Learning theory

Learning theory is the brain-side description of how people change what they can do. Training is the application of that process to a defined competence. For a flight instructor, the distinction is practical: techniques without a process model produce the right moves for the wrong reasons; process without technique is not teaching.

The training community focuses on behaviour because behaviour can be observed, change can be detected, and tests can measure that change. Knowledge and attitudes are inferred from behaviour. That behavioural focus is why competency frameworks grade observable performance rather than inferred "understanding."

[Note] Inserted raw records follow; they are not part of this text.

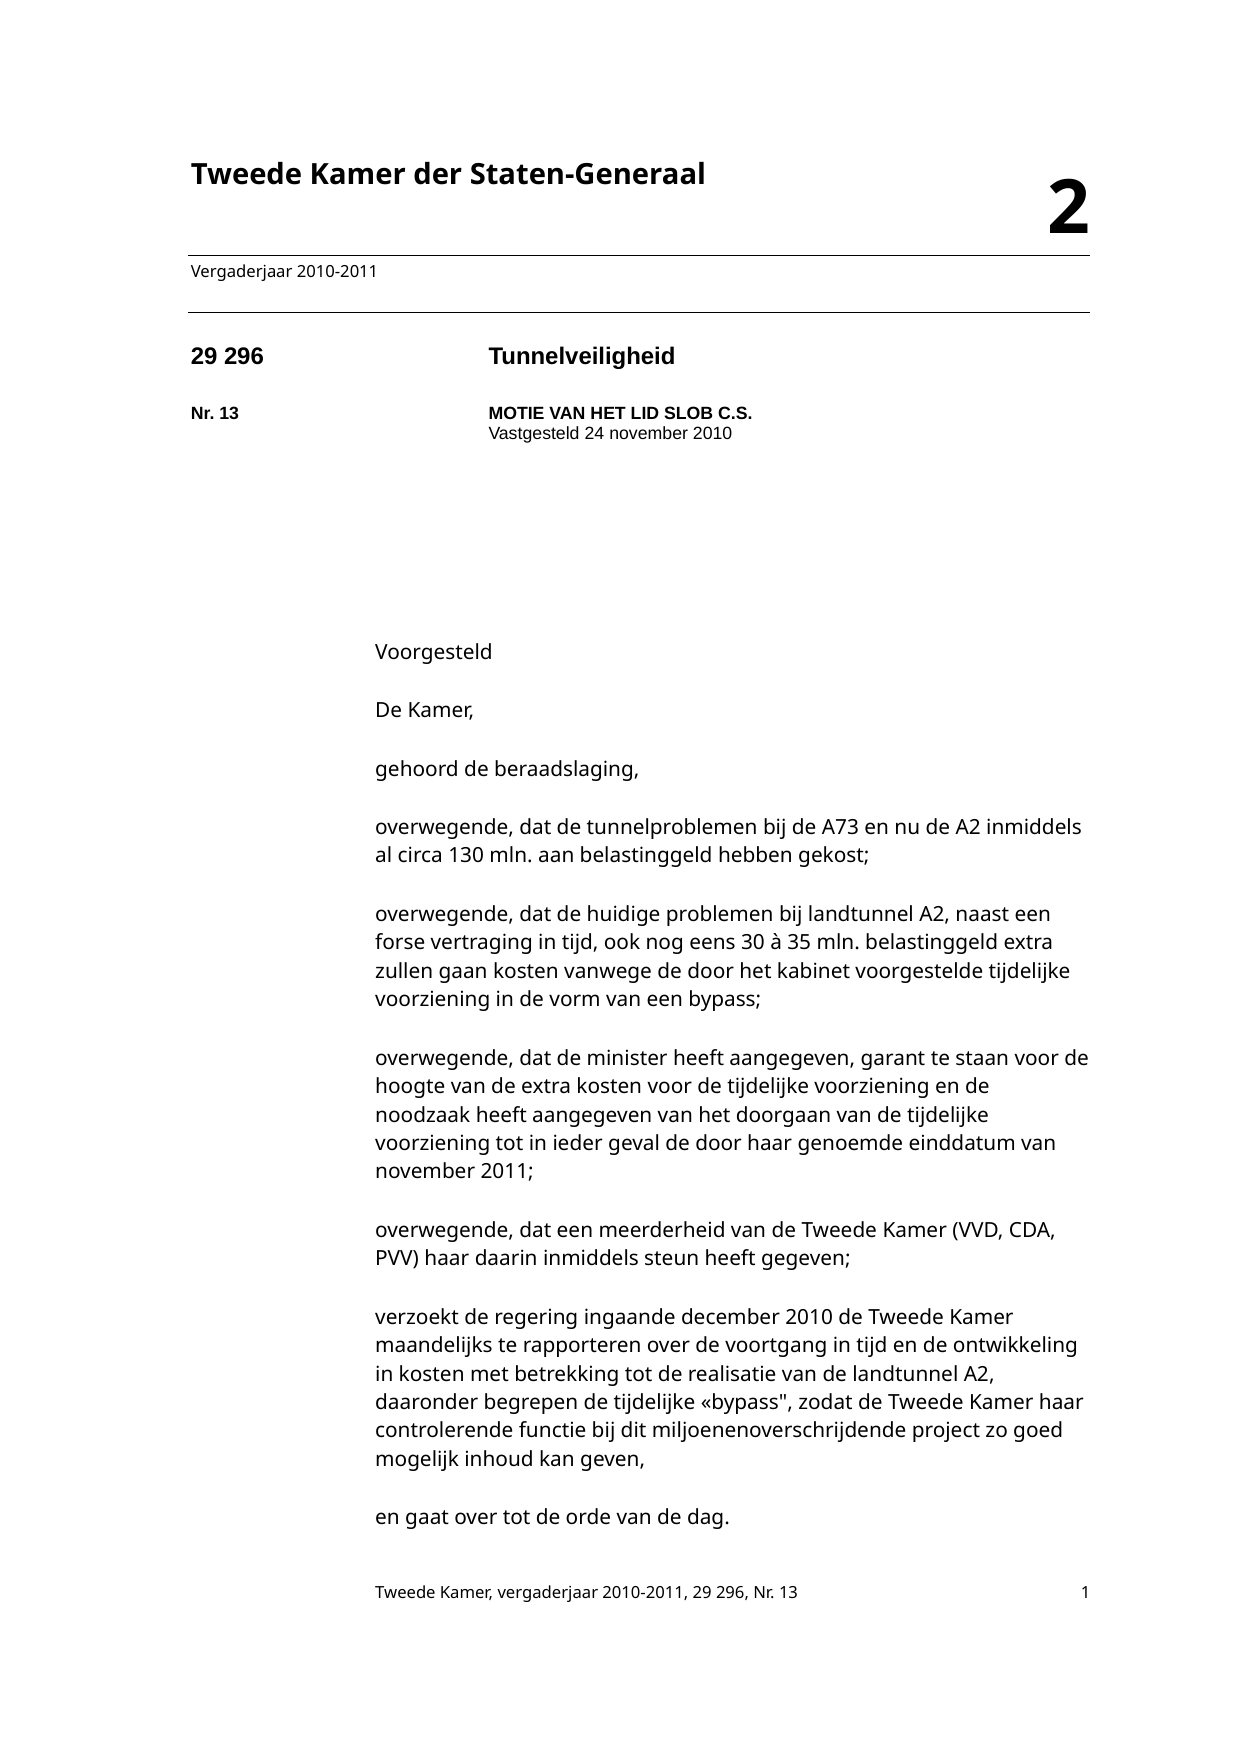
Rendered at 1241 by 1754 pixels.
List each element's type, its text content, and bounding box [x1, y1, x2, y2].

table_cell Vergaderjaar 2010-2011 [188, 256, 485, 312]
text gehoord de beraadslaging, [375, 754, 1090, 782]
table_cell 29 296 [188, 339, 485, 399]
table_header 2 [910, 150, 1090, 255]
text overwegende, dat de huidige problemen bij landtunnel A2, naast een forse vertraging in tijd, ook nog eens 30 à 35 mln. belastinggeld extra zullen gaan kosten vanwege de door het kabinet voorgestelde tijdelijke voorziening in de vorm van een bypass; [375, 899, 1090, 1013]
table_cell [485, 256, 1090, 312]
text Voorgesteld [375, 637, 1090, 665]
text overwegende, dat een meerderheid van de Tweede Kamer (VVD, CDA, PVV) haar daarin inmiddels steun heeft gegeven; [375, 1215, 1090, 1272]
table_cell [188, 313, 485, 339]
table_cell [485, 313, 1090, 339]
text en gaat over tot de orde van de dag. [375, 1502, 1090, 1531]
table_cell Nr. 13 [188, 399, 485, 518]
table_cell Tunnelveiligheid [485, 339, 1090, 399]
table_cell MOTIE VAN HET LID SLOB C.S. Vastgesteld 24 november 2010 [485, 399, 1090, 518]
text overwegende, dat de tunnelproblemen bij de A73 en nu de A2 inmiddels al circa 130 mln. aan belastinggeld hebben gekost; [375, 812, 1090, 869]
text De Kamer, [375, 695, 1090, 724]
text verzoekt de regering ingaande december 2010 de Tweede Kamer maandelijks te rapporteren over de voortgang in tijd en de ontwikkeling in kosten met betrekking tot de realisatie van de landtunnel A2, daaronder begrepen de tijdelijke «bypass", zodat de Tweede Kamer haar controlerende functie bij dit miljoenenoverschrijdende project zo goed mogelijk inhoud kan geven, [375, 1302, 1090, 1472]
text overwegende, dat de minister heeft aangegeven, garant te staan voor de hoogte van de extra kosten voor de tijdelijke voorziening en de noodzaak heeft aangegeven van het doorgaan van de tijdelijke voorziening tot in ieder geval de door haar genoemde einddatum van november 2011; [375, 1043, 1090, 1185]
table_header Tweede Kamer der Staten-Generaal [188, 150, 909, 255]

What learning is as a process

Learning is the laying-down of long-term memory and motor programmes. Information moves into durable storage mainly through repetition and rehearsal, but organisation of material for storage (coding, summarising, emphasising distinctive items) has a larger effect than raw repetition alone.

The learning curve is negatively accelerated: rapid early gains, then slower improvement, then plateaux while elements consolidate. In practice, curves have intermediate plateaux as complex skills are assembled. For pilots, overlearning is the design rule: carry training past the minimum acceptable standard to the flat portion of the curve so performance holds under stress. A pilot trained only to the floor produces something below the floor under load; a pilot trained past the floor holds the floor under load.

Workload and performance form an inverted U (Yerkes-Dodson). Underload reduces sampling rate and attention; overload narrows attention and drops cues. The instructor's job in session is to keep the trainee in the central band: enough demand to hold attention, not so much that selective attention collapses.

Four ways people learn

Session design starts from how the objective will actually be acquired:

Mode Mechanism Best for
Trial and error Attempt, then reinforce success or correct failure Psychomotor and practical skills with a safe practice space
Being told Full content presented in final form Clear-cut knowledge, SOP changes, unambiguous facts
Imitation Observe a correct model, then copy New manoeuvres where the trainee has no mental model yet
Thinking Reflect, evaluate options, draw conclusions Complex decisions, line-oriented scenarios, debrief discovery

Skilled instructors switch modes within a session. Telling is efficient for knowledge transfer and fragile for durability; thinking is slower and more durable; imitation compresses discovery time when the trainee has no model; trial and error closes the kinaesthetic loop when telling and showing have plateaued.

Habits, transfer, and failure modes

Habits are conscious or unconscious repetitive behaviour patterns, often motor skills stored in long-term memory. Incorrect habits form from assumption or misunderstood learning followed by uncorrected practice. Prevention is cheaper than cure: early errors deserve disproportionate attention.

Transfer of training is the effect of prior learning on a new task:

  • Positive: past learning helps the new task (identical elements or transferable principles).
  • Negative: past learning hinders (similar stimuli, different required responses).
  • Neutral: no useful relation.

Type conversion is the classic negative-transfer risk: elements look the same and behave differently. Brief the differences explicitly. Identical-elements transfer supports same-generation type moves; principle-based transfer supports cross-fleet competencies and TEM discipline.

Obstacles and incentives

Recurrent obstacles: instructor attitude and body language, instructor ego, physical environment, and physiology (including age-related working-memory load and hearing). Incentives that reliably help: a reason to learn, sense-making, no unresolved conflict with prior learning, transfer value, reward or recognition, active involvement, practice, manageable chunks, coaching help, and recognition of different learning rates.

Three operational lists cover the same field: why people want to learn, what helps, and what does not help. Use them as a pre-session diagnosis, not as decoration. Pressure that comes from the scenario can be useful; pressure that comes from the instructor's manner is not. Job-security anxiety turns evaluation into a check by another name; that is an organisational just-culture problem, not something in-session reassurance can fix alone.

Instructor use

  1. Before the session, name the learning mode for each objective (tell, show, try, think).
  2. Design for overlearning on safety-critical skills, not bare minimum demonstration.
  3. Watch for plateaux: re-chunk, change mode, or fix a habit before adding load.
  4. In debrief, classify failures against skill / rule / knowledge behaviour (see Skill development model and fault analysis) rather than defaulting to "more practice."
  5. Keep arousal in the usable middle of the inverted U: add demand if the trainee is disengaged; reduce concurrent tasks if attention has narrowed.